Minimal Cut Sets: minimise minimal functional units that can operate in steady-state and achieve objective function. Goal: repress non-optimal production routes for desired product, P. Consider also desired modes, which must be preserved after cutting.
Next approach: CASOP. Computational Approach for Strain Optimisation Aiming at High Productivity. Considers not just knock-outs (KOs) but also overexpression. Considers not only product production rate (yield optimality), but also substrate uptake rate. Productivity is proportional to the ratio of these terms. The latter is related to the capacity of the system. Applies weighting of EFMs, reaction importance measures (in how many EFMs does a reaction participate) and reaction ranking, based on the above terms.
Applied to succinate production in E coli. KOs and overexpression candidates were ranked.
Identification of potential excess or undersupply of co-factors and small molecules. Excretion of small molecules is performed through the addition of artificial reactions and electron and energy sink reactions.

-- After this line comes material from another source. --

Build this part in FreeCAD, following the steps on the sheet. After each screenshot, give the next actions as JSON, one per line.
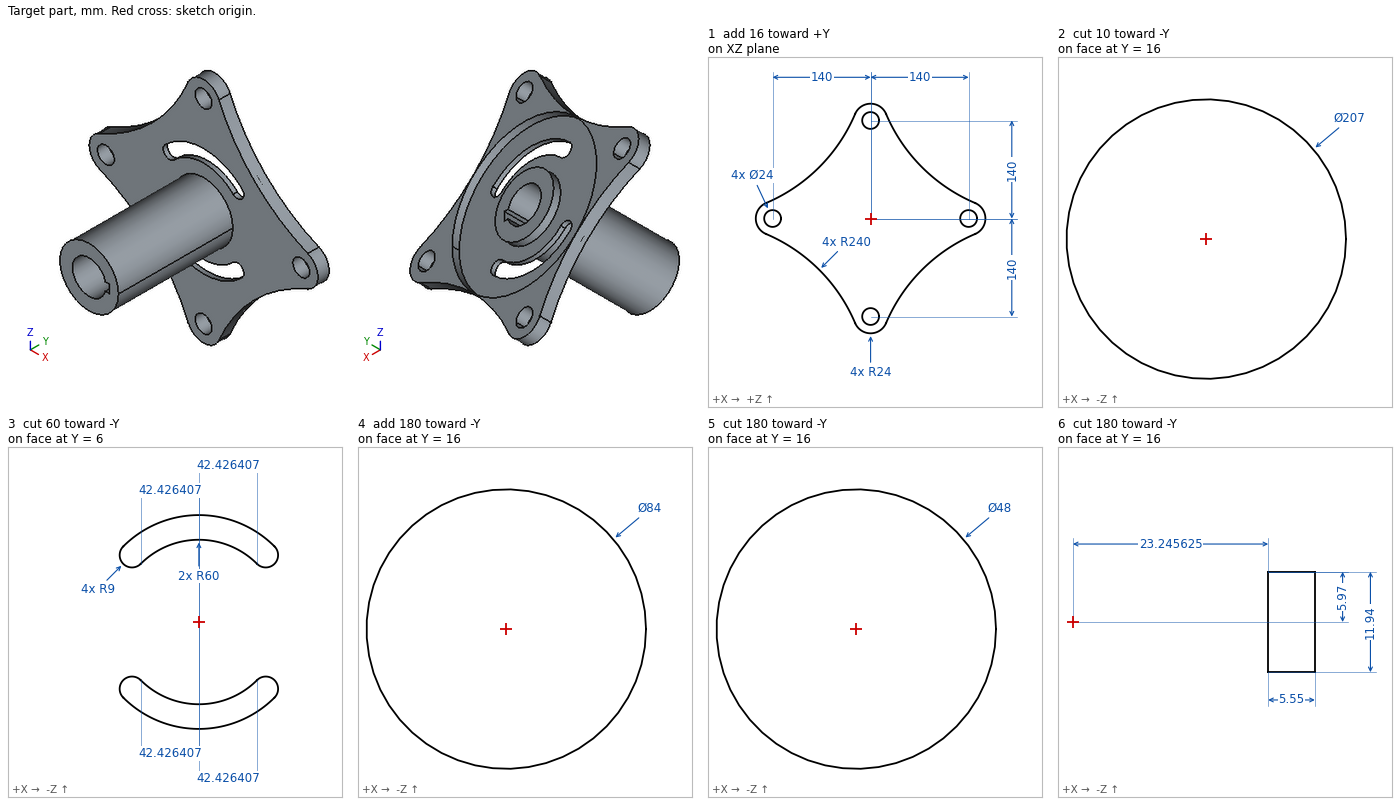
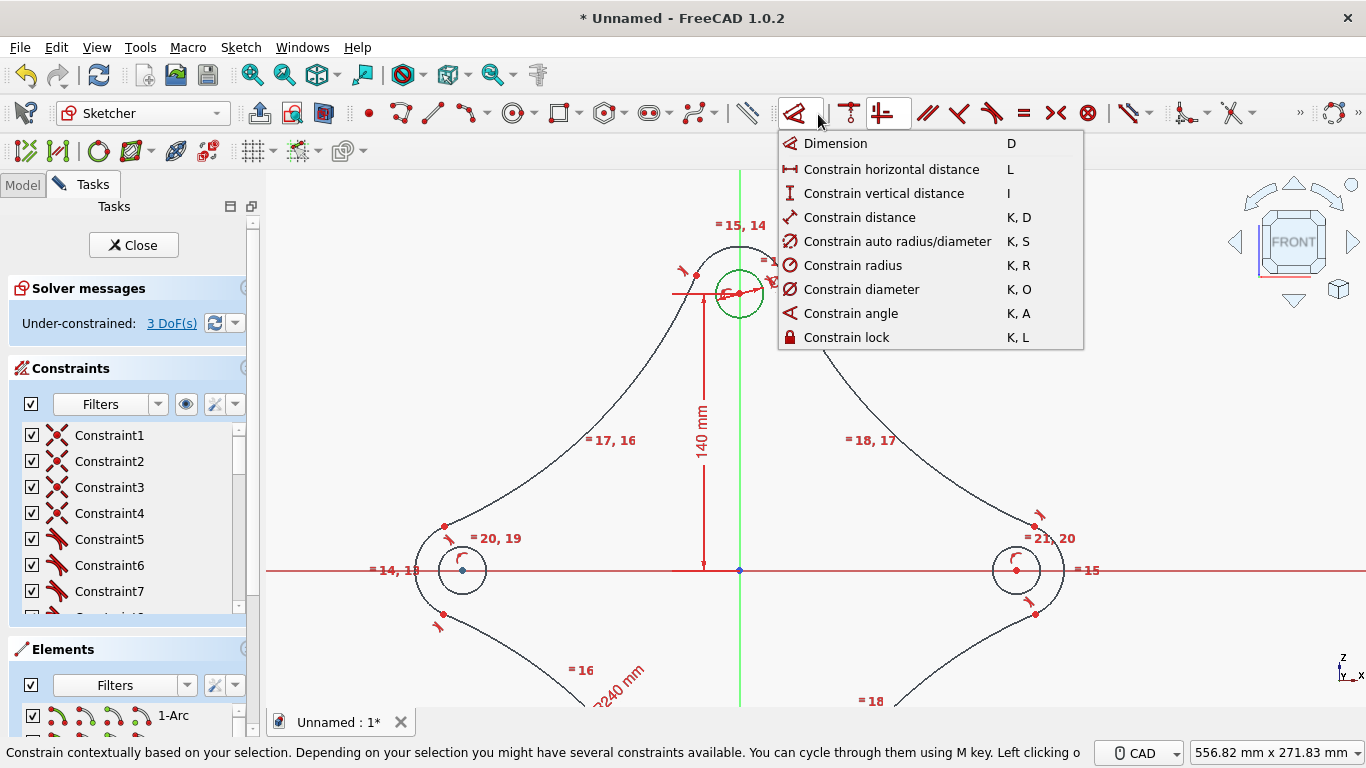
{"action": "left_click", "coordinate": [931, 169]}

Applicable to medium-scale networks, but in most cases, the most suitable interventions lie in central metabolism (which is covered by these medium-scale networks). Implemented in CellNetAnalyzer. To be followed up by experimental work to validate intervention preditions.
Stefan Schuster, Jena: Combining pathway analysis with evolutionary game theory
Note: Lots of notes lost due to dodgy laptop...
Evolution is co-evolution, a competition that can be explained with game-theory. Players in the game attempt to optimise their position, sometimes at the expense of other players. Usage of different metabolic pathways can be considered strategies of the players, and these can be induced through mutation or epigenetic effects.
Game: assume that organisms want to maximise ATP production. Can use fermentation and respiration as strategies. FBA suggests pathways, which can be constraint with individual maximum reaction rates.
Note to self: immensely interesting. Read Stefan's papers!
Ina Koch: Automatic modularisation of biochemical networks based on elementary modes and transition invariants
Note: interesting talk on Petri Net based approaches, with note-taking unfortunately suffering from my laptop's malaise.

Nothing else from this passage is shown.